=== Begin Enclosure ===

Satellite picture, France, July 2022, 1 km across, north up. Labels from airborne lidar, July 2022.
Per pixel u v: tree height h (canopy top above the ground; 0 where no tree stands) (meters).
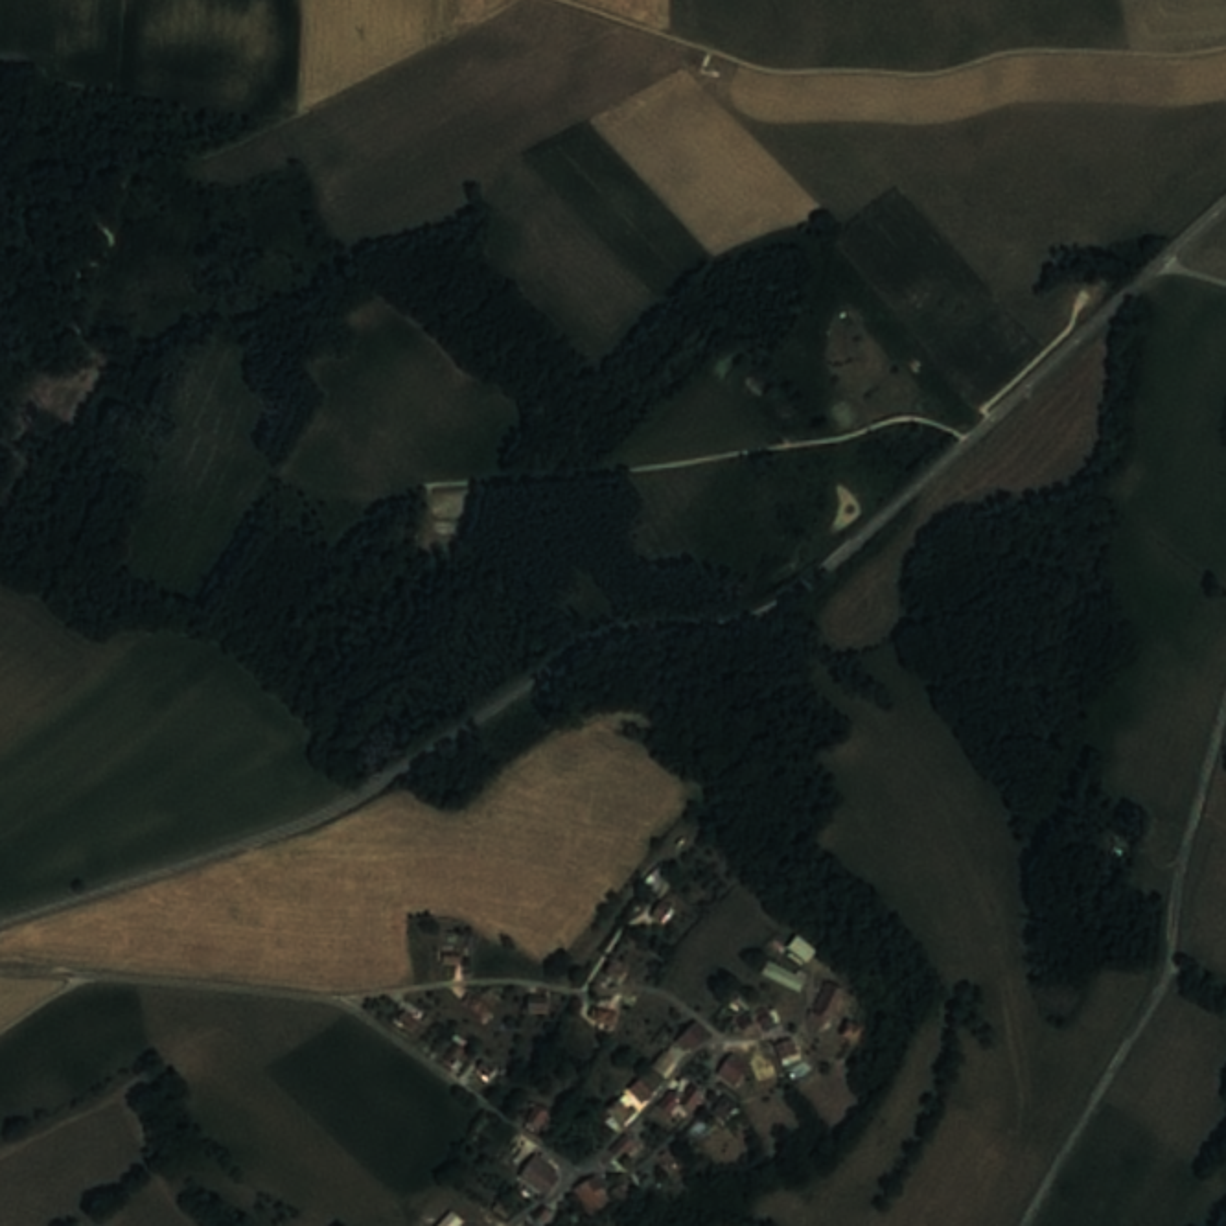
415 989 0
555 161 0
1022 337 0
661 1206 17
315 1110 0
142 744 0
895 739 0
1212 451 0
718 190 0
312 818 0
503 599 14
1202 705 0
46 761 0
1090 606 24
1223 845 0
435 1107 0
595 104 0
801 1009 0
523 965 0
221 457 0
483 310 17
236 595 16
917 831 0
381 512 15
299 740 0
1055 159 0
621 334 0
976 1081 0
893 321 0
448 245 17
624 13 0
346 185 0
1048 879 21
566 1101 14
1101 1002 0
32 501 14
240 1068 0
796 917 23
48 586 14
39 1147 0
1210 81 0
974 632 27
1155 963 13
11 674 0
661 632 25
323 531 8
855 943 34
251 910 0
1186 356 0
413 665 23
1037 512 23
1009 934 0
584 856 0
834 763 0
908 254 0
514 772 0
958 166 0
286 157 0
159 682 0
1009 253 0
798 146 0
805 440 0
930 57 0
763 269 9
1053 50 0
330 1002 0
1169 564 0
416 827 0
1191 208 0
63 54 0
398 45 0
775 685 24
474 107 0
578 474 11
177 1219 0
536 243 0
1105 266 25
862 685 26
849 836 0
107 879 0
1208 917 0
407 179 0
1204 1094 0
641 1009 0
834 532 0
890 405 0
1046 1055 0
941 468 0
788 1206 0
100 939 0
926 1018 23
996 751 23
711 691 30
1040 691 25
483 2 0
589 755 0
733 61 0
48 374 16
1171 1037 0
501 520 23
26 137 24
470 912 0
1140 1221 0
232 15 0
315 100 0
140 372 17
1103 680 17
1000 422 0
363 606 10
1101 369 0
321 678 19
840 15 0
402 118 0
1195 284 0
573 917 0
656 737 10
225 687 0
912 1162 11
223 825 0
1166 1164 0
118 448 18
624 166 0
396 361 0
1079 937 23
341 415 0
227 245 12
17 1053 0
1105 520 19
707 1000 0
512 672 17
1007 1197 0
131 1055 0
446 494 0
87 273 18
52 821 0
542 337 19
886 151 0
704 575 21
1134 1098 0
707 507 0

=== End Enclosure ===

What is required ▸
Could the entries above be returned verbatim, with no pictures included?

Task answer ▸
Satellite picture, France, July 2022, 1 km across, north up. Labels from airborne lidar, July 2022.
Per pixel u v: tree height h (canopy top above the ground; 0 where no tree stands) (meters).
415 989 0
555 161 0
1022 337 0
661 1206 17
315 1110 0
142 744 0
895 739 0
1212 451 0
718 190 0
312 818 0
503 599 14
1202 705 0
46 761 0
1090 606 24
1223 845 0
435 1107 0
595 104 0
801 1009 0
523 965 0
221 457 0
483 310 17
236 595 16
917 831 0
381 512 15
299 740 0
1055 159 0
621 334 0
976 1081 0
893 321 0
448 245 17
624 13 0
346 185 0
1048 879 21
566 1101 14
1101 1002 0
32 501 14
240 1068 0
796 917 23
48 586 14
39 1147 0
1210 81 0
974 632 27
1155 963 13
11 674 0
661 632 25
323 531 8
855 943 34
251 910 0
1186 356 0
413 665 23
1037 512 23
1009 934 0
584 856 0
834 763 0
908 254 0
514 772 0
958 166 0
286 157 0
159 682 0
1009 253 0
798 146 0
805 440 0
930 57 0
763 269 9
1053 50 0
330 1002 0
1169 564 0
416 827 0
1191 208 0
63 54 0
398 45 0
775 685 24
474 107 0
578 474 11
177 1219 0
536 243 0
1105 266 25
862 685 26
849 836 0
107 879 0
1208 917 0
407 179 0
1204 1094 0
641 1009 0
834 532 0
890 405 0
1046 1055 0
941 468 0
788 1206 0
100 939 0
926 1018 23
996 751 23
711 691 30
1040 691 25
483 2 0
589 755 0
733 61 0
48 374 16
1171 1037 0
501 520 23
26 137 24
470 912 0
1140 1221 0
232 15 0
315 100 0
140 372 17
1103 680 17
1000 422 0
363 606 10
1101 369 0
321 678 19
840 15 0
402 118 0
1195 284 0
573 917 0
656 737 10
225 687 0
912 1162 11
223 825 0
1166 1164 0
118 448 18
624 166 0
396 361 0
1079 937 23
341 415 0
227 245 12
17 1053 0
1105 520 19
707 1000 0
512 672 17
1007 1197 0
131 1055 0
446 494 0
87 273 18
52 821 0
542 337 19
886 151 0
704 575 21
1134 1098 0
707 507 0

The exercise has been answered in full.